» **Prompt**
From the entries below, return only the lines starting at the one that contains "11) cardboard box <box>1836,0,1867,10</box>" and ending at the one that contains "37) cardboard box <box>1912,9,1919,20</box>", exactly as they stand.

-- Opening Marker --

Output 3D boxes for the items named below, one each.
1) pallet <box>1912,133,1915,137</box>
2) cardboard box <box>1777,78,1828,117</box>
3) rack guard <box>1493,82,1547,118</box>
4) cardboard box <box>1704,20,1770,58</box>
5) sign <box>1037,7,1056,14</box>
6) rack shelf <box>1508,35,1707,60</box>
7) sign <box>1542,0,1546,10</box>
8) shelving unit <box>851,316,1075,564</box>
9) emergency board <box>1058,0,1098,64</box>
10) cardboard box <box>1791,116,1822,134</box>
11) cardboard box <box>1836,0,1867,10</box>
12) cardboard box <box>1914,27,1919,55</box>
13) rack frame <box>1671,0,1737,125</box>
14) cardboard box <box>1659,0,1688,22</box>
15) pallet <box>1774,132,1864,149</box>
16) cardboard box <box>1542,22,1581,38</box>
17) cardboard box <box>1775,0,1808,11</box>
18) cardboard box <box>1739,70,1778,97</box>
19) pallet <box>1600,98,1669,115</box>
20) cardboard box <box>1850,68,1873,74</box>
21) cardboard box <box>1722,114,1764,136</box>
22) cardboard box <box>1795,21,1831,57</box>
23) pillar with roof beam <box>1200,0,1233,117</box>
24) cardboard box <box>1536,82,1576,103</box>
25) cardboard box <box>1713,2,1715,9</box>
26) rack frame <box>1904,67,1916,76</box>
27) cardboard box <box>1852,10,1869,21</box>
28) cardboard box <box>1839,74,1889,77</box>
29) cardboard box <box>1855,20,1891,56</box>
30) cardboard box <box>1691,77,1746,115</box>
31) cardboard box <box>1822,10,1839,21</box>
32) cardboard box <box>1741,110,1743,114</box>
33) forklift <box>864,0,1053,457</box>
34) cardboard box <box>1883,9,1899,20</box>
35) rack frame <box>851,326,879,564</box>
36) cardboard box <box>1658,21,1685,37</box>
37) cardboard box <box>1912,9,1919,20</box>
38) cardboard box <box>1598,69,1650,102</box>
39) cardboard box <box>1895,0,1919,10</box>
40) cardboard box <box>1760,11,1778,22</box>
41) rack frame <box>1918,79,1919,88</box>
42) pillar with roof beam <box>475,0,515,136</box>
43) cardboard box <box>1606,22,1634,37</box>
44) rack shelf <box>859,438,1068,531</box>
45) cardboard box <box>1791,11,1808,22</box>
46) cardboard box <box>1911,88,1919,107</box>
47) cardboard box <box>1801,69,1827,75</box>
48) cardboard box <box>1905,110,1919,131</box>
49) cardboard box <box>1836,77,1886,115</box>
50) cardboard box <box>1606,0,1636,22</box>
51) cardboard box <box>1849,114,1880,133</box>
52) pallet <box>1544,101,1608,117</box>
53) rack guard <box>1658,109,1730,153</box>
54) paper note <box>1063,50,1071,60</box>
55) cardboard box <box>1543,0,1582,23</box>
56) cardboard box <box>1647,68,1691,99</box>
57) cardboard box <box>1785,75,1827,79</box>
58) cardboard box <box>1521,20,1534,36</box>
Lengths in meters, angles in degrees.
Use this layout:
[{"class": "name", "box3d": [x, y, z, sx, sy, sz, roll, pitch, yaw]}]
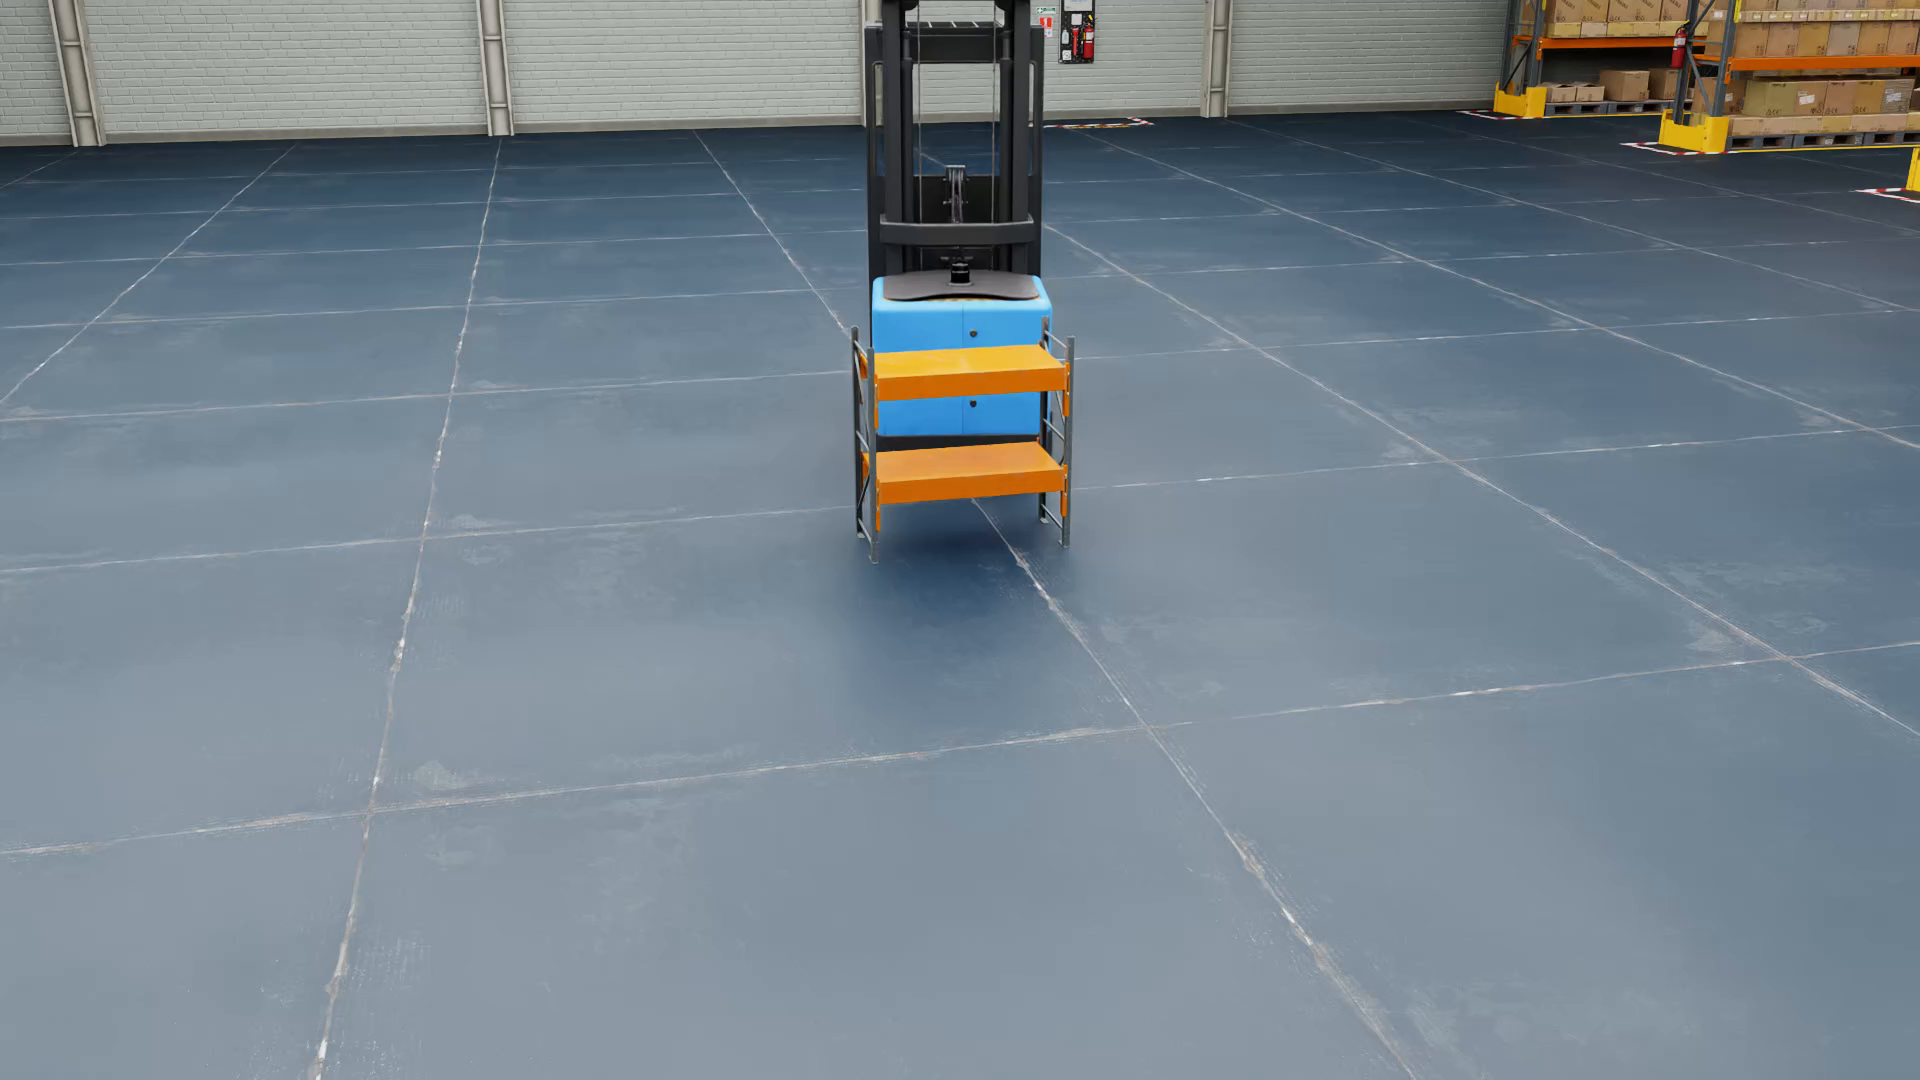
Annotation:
[{"class": "pallet", "box3d": [15.512, -6.337, 25.807, 1.213, 0.211, 1.003, -5, 21, -12]}, {"class": "cardboard box", "box3d": [12.454, -6.569, 24.682, 0.500, 0.500, 0.500, -5, 21, -12]}, {"class": "rack guard", "box3d": [9.842, -7.749, 29.241, 0.348, 0.500, 1.175, -5, 21, -12]}, {"class": "cardboard box", "box3d": [11.369, -7.338, 24.340, 0.500, 0.500, 0.700, -5, 21, -12]}, {"class": "sign", "box3d": [1.442, -8.857, 27.811, 0.331, 0.109, 0.001, -5, 21, -12]}, {"class": "rack shelf", "box3d": [11.714, -8.737, 29.350, 4.000, 0.370, 1.077, -5, 21, -12]}, {"class": "sign", "box3d": [9.893, -9.141, 28.150, 0.005, 0.325, 0.100, -5, 21, -12]}, {"class": "shelving unit", "box3d": [0.007, -0.529, 8.623, 1.048, 1.125, 0.538, -5, 21, -12]}, {"class": "emergency board", "box3d": [1.997, -8.604, 27.940, 0.643, 1.169, 0.194, -5, 21, -12]}, {"class": "cardboard box", "box3d": [12.457, -6.213, 24.801, 0.500, 0.250, 0.500, -5, 21, -12]}, {"class": "cardboard box", "box3d": [12.908, -8.075, 24.465, 0.500, 0.500, 0.700, -5, 21, -12]}, {"class": "cardboard box", "box3d": [14.374, -7.585, 25.014, 0.500, 0.500, 0.700, -5, 21, -14]}, {"class": "rack frame", "box3d": [10.911, -7.258, 24.268, 0.127, 3.000, 1.000, -5, 21, -12]}, {"class": "cardboard box", "box3d": [12.295, -9.305, 28.955, 0.500, 0.500, 0.500, -5, 21, -14]}, {"class": "pallet", "box3d": [12.831, -6.119, 25.212, 1.213, 0.211, 1.003, -5, 21, -12]}, {"class": "cardboard box", "box3d": [10.316, -8.788, 28.632, 0.500, 0.250, 0.500, -5, 21, -14]}, {"class": "cardboard box", "box3d": [11.931, -7.995, 24.247, 0.500, 0.500, 0.700, -5, 21, -14]}, {"class": "cardboard box", "box3d": [14.373, -8.330, 30.187, 0.500, 0.500, 0.700, -4, 20, -11]}, {"class": "pallet", "box3d": [11.825, -7.761, 29.694, 1.213, 0.211, 1.003, -5, 21, -12]}, {"class": "cardboard box", "box3d": [16.336, -8.506, 30.669, 0.500, 0.500, 0.700, -5, 21, -13]}, {"class": "cardboard box", "box3d": [11.484, -6.132, 24.582, 0.500, 0.250, 0.500, -5, 21, -12]}, {"class": "cardboard box", "box3d": [12.363, -7.419, 24.560, 0.500, 0.500, 0.700, -5, 21, -12]}, {"class": "pillar with roof beam", "box3d": [5.402, -10.162, 23.474, 0.400, 9.000, 9.100, -5, 21, -12]}, {"class": "cardboard box", "box3d": [10.462, -7.885, 29.248, 0.500, 0.311, 0.500, -7, 21, -19]}, {"class": "cardboard box", "box3d": [13.272, -9.383, 29.167, 0.500, 0.500, 0.500, -5, 21, -13]}, {"class": "rack frame", "box3d": [14.804, -7.575, 25.133, 0.127, 3.000, 1.000, -5, 21, -12]}, {"class": "cardboard box", "box3d": [13.095, -7.711, 24.416, 0.250, 0.149, 0.380, -4, 20, -11]}, {"class": "cardboard box", "box3d": [13.796, -6.859, 25.475, 0.500, 0.500, 0.500, -5, 21, -12]}, {"class": "cardboard box", "box3d": [13.373, -7.502, 24.789, 0.500, 0.500, 0.700, -4, 21, -12]}, {"class": "cardboard box", "box3d": [11.365, -6.659, 24.928, 0.500, 0.500, 0.500, -5, 21, -12]}, {"class": "cardboard box", "box3d": [12.596, -7.672, 24.308, 0.250, 0.149, 0.380, -5, 21, -13]}, {"class": "cardboard box", "box3d": [11.849, -6.349, 25.174, 0.500, 0.250, 0.500, -5, 21, -12]}, {"class": "forklift", "box3d": [-0.046, -2.206, 10.577, 1.130, 2.935, 3.031, -1, 20, -2]}, {"class": "cardboard box", "box3d": [13.598, -7.753, 24.531, 0.250, 0.149, 0.380, -5, 21, -13]}, {"class": "rack frame", "box3d": [-0.488, -0.488, 8.513, 0.032, 1.125, 0.500, -5, 21, -12]}, {"class": "cardboard box", "box3d": [12.297, -8.951, 29.079, 0.500, 0.250, 0.500, -5, 21, -13]}, {"class": "cardboard box", "box3d": [14.093, -7.793, 24.639, 0.250, 0.149, 0.380, -5, 21, -14]}, {"class": "cardboard box", "box3d": [11.742, -8.060, 29.452, 0.500, 0.500, 0.700, -6, 21, -16]}, {"class": "cardboard box", "box3d": [13.882, -8.153, 24.680, 0.500, 0.500, 0.700, -5, 21, -13]}, {"class": "cardboard box", "box3d": [11.599, -7.591, 24.087, 0.250, 0.149, 0.380, -5, 21, -14]}, {"class": "rack frame", "box3d": [17.553, -9.549, 30.523, 0.127, 3.000, 1.000, -5, 21, -12]}, {"class": "pillar with roof beam", "box3d": [-6.276, -9.212, 20.881, 0.400, 9.000, 9.100, -5, 21, -12]}, {"class": "cardboard box", "box3d": [11.315, -8.872, 28.862, 0.500, 0.250, 0.500, -5, 21, -13]}, {"class": "rack shelf", "box3d": [0.007, -0.299, 8.707, 1.000, 0.278, 0.538, -5, 21, -12]}, {"class": "cardboard box", "box3d": [12.088, -7.629, 24.192, 0.250, 0.149, 0.380, -5, 21, -13]}, {"class": "cardboard box", "box3d": [15.132, -6.872, 25.786, 0.500, 0.311, 0.500, -5, 21, -12]}, {"class": "cardboard box", "box3d": [15.370, -8.414, 30.418, 0.500, 0.500, 0.700, -4, 21, -12]}, {"class": "cardboard box", "box3d": [14.403, -6.371, 25.234, 0.500, 0.250, 0.500, -5, 21, -12]}, {"class": "cardboard box", "box3d": [13.428, -6.647, 24.896, 0.500, 0.500, 0.500, -5, 21, -12]}, {"class": "cardboard box", "box3d": [11.289, -9.219, 28.720, 0.500, 0.500, 0.500, -5, 21, -14]}, {"class": "cardboard box", "box3d": [13.431, -6.290, 25.013, 0.500, 0.250, 0.500, -5, 21, -12]}, {"class": "pallet", "box3d": [10.641, -7.665, 29.434, 1.213, 0.211, 1.003, -5, 21, -12]}, {"class": "rack guard", "box3d": [10.888, -6.083, 24.693, 0.348, 0.500, 1.175, -5, 21, -12]}, {"class": "paper note", "box3d": [1.809, -8.199, 28.117, 0.142, 0.148, 0.016, -5, 21, -12]}, {"class": "cardboard box", "box3d": [10.302, -9.145, 28.516, 0.500, 0.500, 0.500, -5, 21, -12]}, {"class": "cardboard box", "box3d": [12.660, -8.170, 29.752, 0.500, 0.500, 0.500, -6, 21, -17]}, {"class": "cardboard box", "box3d": [12.821, -6.782, 25.264, 0.500, 0.500, 0.500, -5, 21, -12]}, {"class": "cardboard box", "box3d": [10.178, -8.957, 29.095, 0.500, 0.250, 0.500, -4, 21, -12]}]

-- Closing Marker --

» **Output of the exercise**
11) cardboard box <box>1836,0,1867,10</box>
12) cardboard box <box>1914,27,1919,55</box>
13) rack frame <box>1671,0,1737,125</box>
14) cardboard box <box>1659,0,1688,22</box>
15) pallet <box>1774,132,1864,149</box>
16) cardboard box <box>1542,22,1581,38</box>
17) cardboard box <box>1775,0,1808,11</box>
18) cardboard box <box>1739,70,1778,97</box>
19) pallet <box>1600,98,1669,115</box>
20) cardboard box <box>1850,68,1873,74</box>
21) cardboard box <box>1722,114,1764,136</box>
22) cardboard box <box>1795,21,1831,57</box>
23) pillar with roof beam <box>1200,0,1233,117</box>
24) cardboard box <box>1536,82,1576,103</box>
25) cardboard box <box>1713,2,1715,9</box>
26) rack frame <box>1904,67,1916,76</box>
27) cardboard box <box>1852,10,1869,21</box>
28) cardboard box <box>1839,74,1889,77</box>
29) cardboard box <box>1855,20,1891,56</box>
30) cardboard box <box>1691,77,1746,115</box>
31) cardboard box <box>1822,10,1839,21</box>
32) cardboard box <box>1741,110,1743,114</box>
33) forklift <box>864,0,1053,457</box>
34) cardboard box <box>1883,9,1899,20</box>
35) rack frame <box>851,326,879,564</box>
36) cardboard box <box>1658,21,1685,37</box>
37) cardboard box <box>1912,9,1919,20</box>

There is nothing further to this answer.